Main symptoms of acute G6PD deficiency crisis include: 1. Acute hemolysis: pallor, fatigue, dizziness; 2. Jaundice: yellowing of skin and eyes; 3. Urine changes: dark urine (tea or cola-colored); 4. Other symptoms: fever, nausea, vomiting, abdominal pain. If these symptoms occur, immediately stop the suspected medication and seek emergency medical care.

Jaundice recovery time in G6PD deficiency varies by individual, typically requiring 1-2 weeks. Recovery depends on: 1. Degree of hemolysis: mild hemolysis 3-7 days, severe hemolysis may take 2-3 weeks; 2. Treatment timeliness: early treatment leads to faster recovery; 3. Individual differences: age, constitution affect recovery speed.

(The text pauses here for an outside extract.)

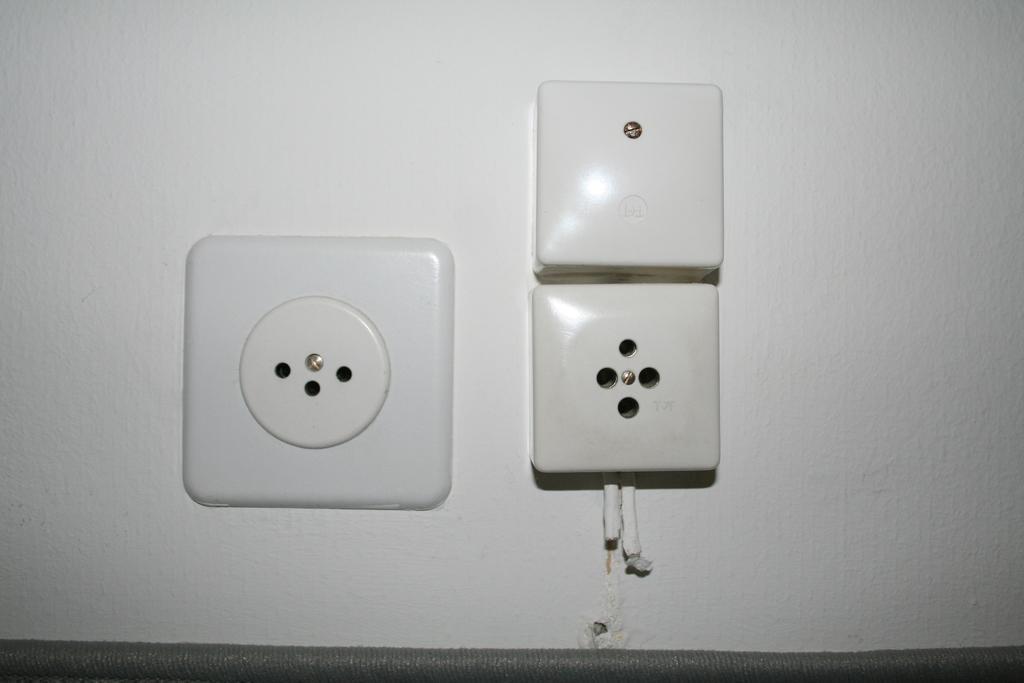How would you summarize this image in a sentence or two? Here we can see sockets on white wall.

During this period, adequate rest and hydration are needed, avoiding re-exposure to triggering factors.

During G6PD deficiency crisis, urine color changes significantly: 1. Normal: light yellow and clear; 2. Mild hemolysis: dark yellow urine; 3. Moderate hemolysis: tea or cola-colored urine; 4. Severe hemolysis: dark brown or reddish-brown urine. Urine color change indicates hemoglobinuria, suggesting massive red blood cell destruction requiring immediate medical attention.

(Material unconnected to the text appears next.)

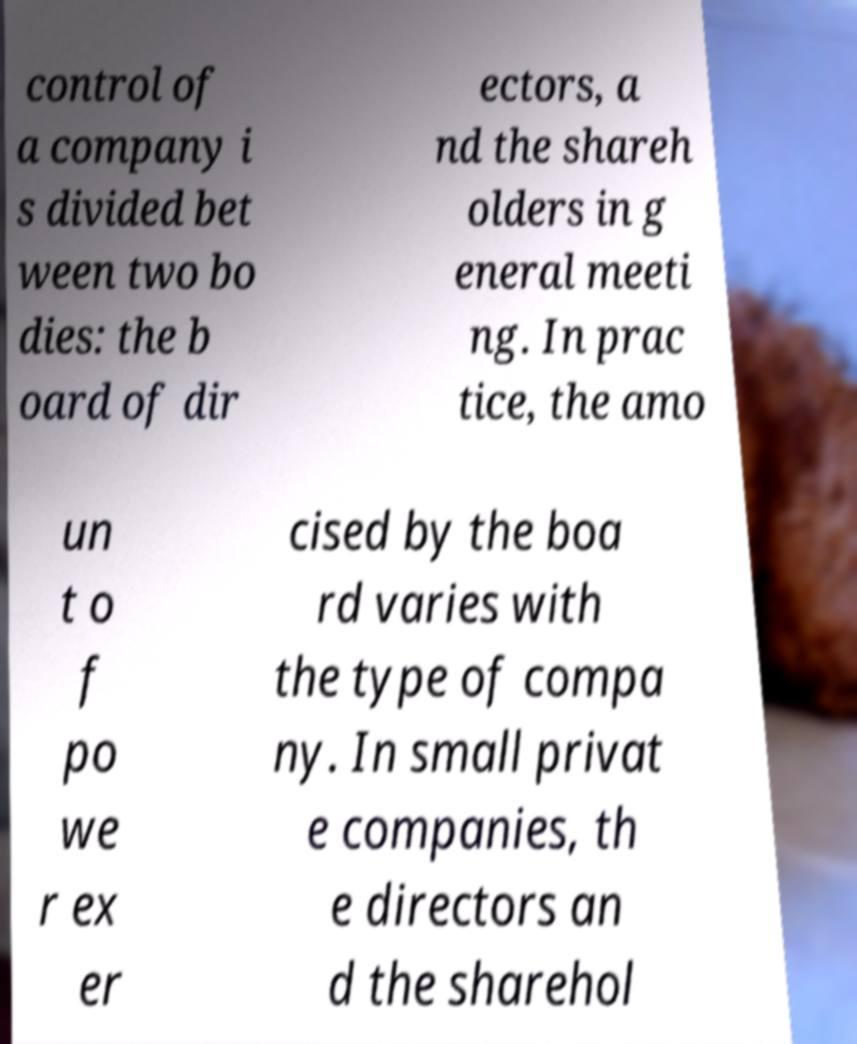What messages or text are displayed in this image? I need them in a readable, typed format. control of a company i s divided bet ween two bo dies: the b oard of dir ectors, a nd the shareh olders in g eneral meeti ng. In prac tice, the amo un t o f po we r ex er cised by the boa rd varies with the type of compa ny. In small privat e companies, th e directors an d the sharehol

G6PD deficiency is an X-linked recessive genetic disorder with distinct inheritance patterns: 1. Higher male prevalence: males need only one disease gene to be affected; 2. Females mostly carriers: need two disease genes to be affected, but may have mild symptoms; 3. Inheritance pattern: affected males' sons won't be affected, daughters are all carriers; carrier females' sons have 50% chance of being affected. Genetic counseling is recommended for couples with family history.